Une chose est sûre, le groupe de SVOD semble désireux de jouer la carte de la création en France. Marie-Laure Daridan, sa directrice des affaires publiques, a promis en novembre à Dijon que ses productions respecteraient le droit moral français. Et Pascal Rogard, directeur général de la SACD, ne tarit pas d’éloges sur le géant qui dispose d’un accord de droits d’auteur. Les créateurs attendent aussi beaucoup des obligations de contribution que va donner aux plateformes la nouvelle loi sur l’audiovisuel. Netflix pourrait, à cette occasion, presque doubler son investissement en France en atteignant 150 millions d’euros. Il ne reste plus qu’à y parachever l’organisation : Damien Couvreur est en charge de séries et Sara May du licensing mais Diego Bunuel vient de quitter l’unité « documentaires ». Le siège parisien pourra-t-il se passer de directeur général ? À Netflix, on assure que la cogestion est au programme. Mais, comme l’observe un dirigeant de l’audiovisuel, viendra un moment ou Netflix France devra être incarné. « Jusqu’ici, la plateforme a pris 100 % de la notoriété et de la visibilité en surinvestissant dans la com. Comme Canal n’avait pas de prise de parole, c’est bien joué. » Mais cela peut changer… 

«Une appétence pour les séries françaises»

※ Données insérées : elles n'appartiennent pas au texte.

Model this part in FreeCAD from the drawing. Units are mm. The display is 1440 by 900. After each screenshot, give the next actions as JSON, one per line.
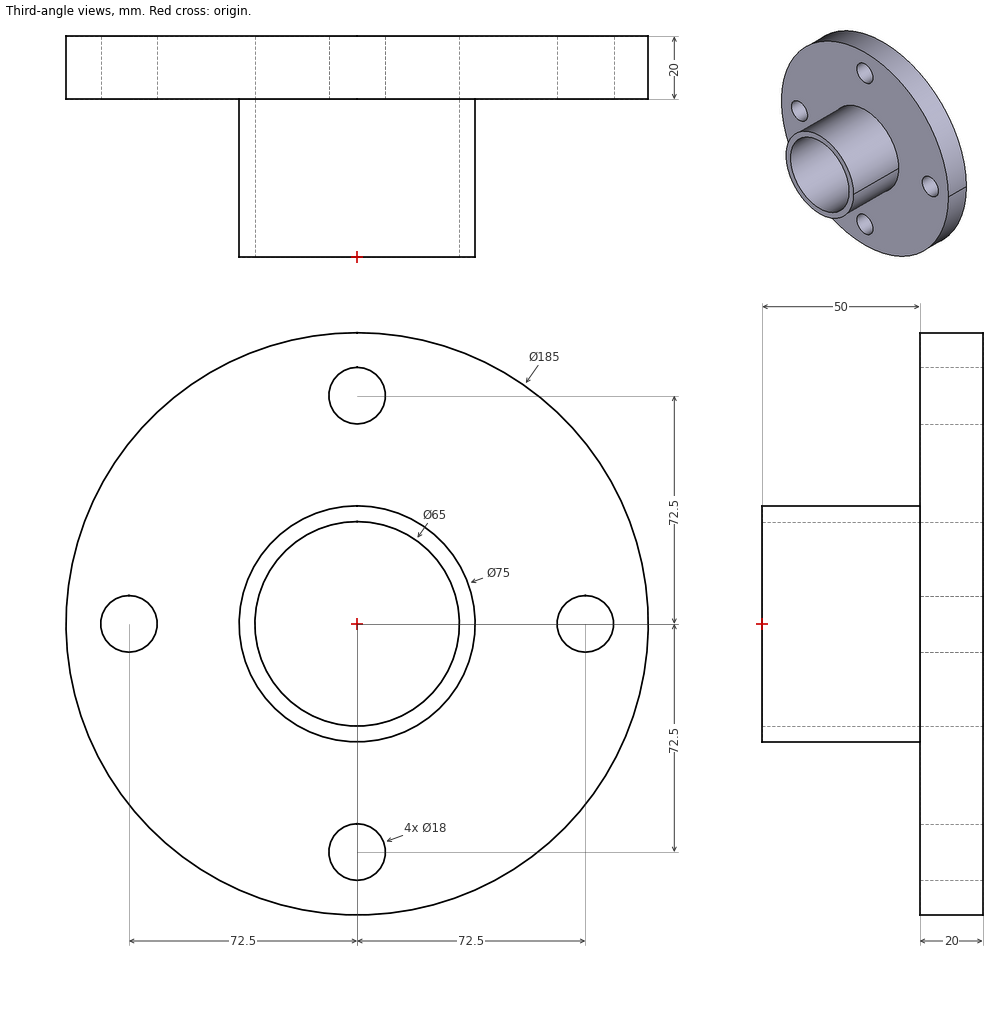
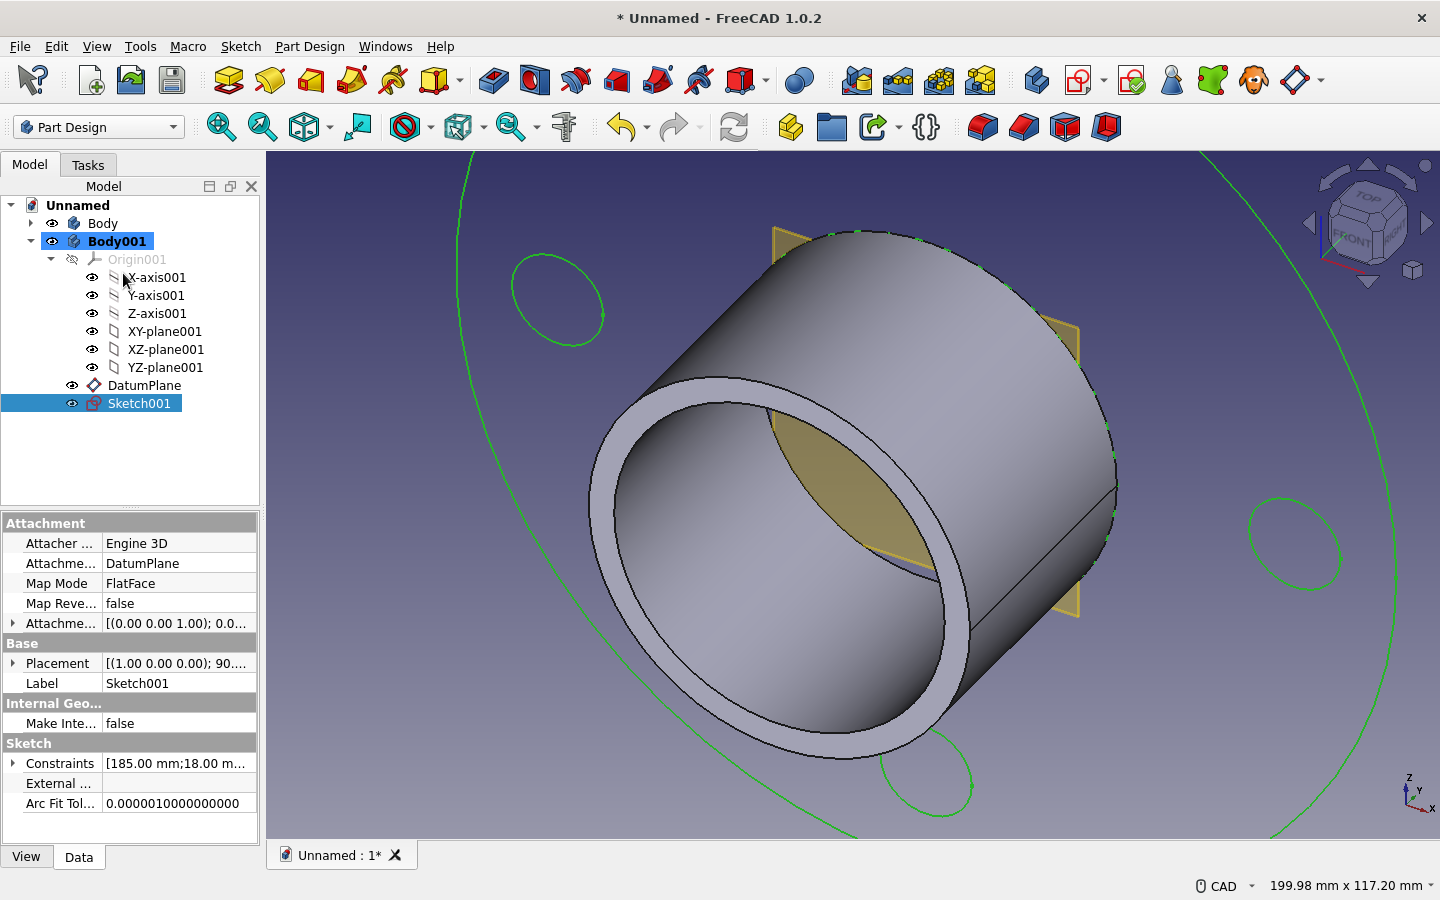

Avec plus de 8 millions de followers en France sur les réseaux sociaux, Netflix mise sur sa communauté pour favoriser le succès de ses productions. « On entre de plus en plus dans les familles, observe Benjamin Cléry-Melin, directeur marketing de Netflix France, en étant avant tout des fans de séries et de films, et non au-dessus du consommateur ». Le spécialiste constate « une appétence pour les séries françaises », notamment sur Instagram. La mise en avant de la diversité et des nouveaux talents compte pour beaucoup : « Il y a une envie de se voir représentés à l’image ». Sur le plan médiaplanning, chaque lancement d’une production maison est un « prototype » : « C’est une réinvention, comme pour un film », observe le directeur marketing. Affichage, cinéma, TV (dans une moindre mesure)… Mais seuls les réseaux sociaux sont jugés fondamentaux dans la mesure où ils permettent de comprendre les attentes du public. « Mortel a rencontré un incroyable succès, on a suivi les comportements de fans qui allaient jusqu’à se faire tatouer. » La sortie d’un contenu est accompagnée de la livraison d’un making of. Même l’addiction à Netflix est surveillée : au moment du bac, un post responsable est envoyé pour signaler quand il est tard.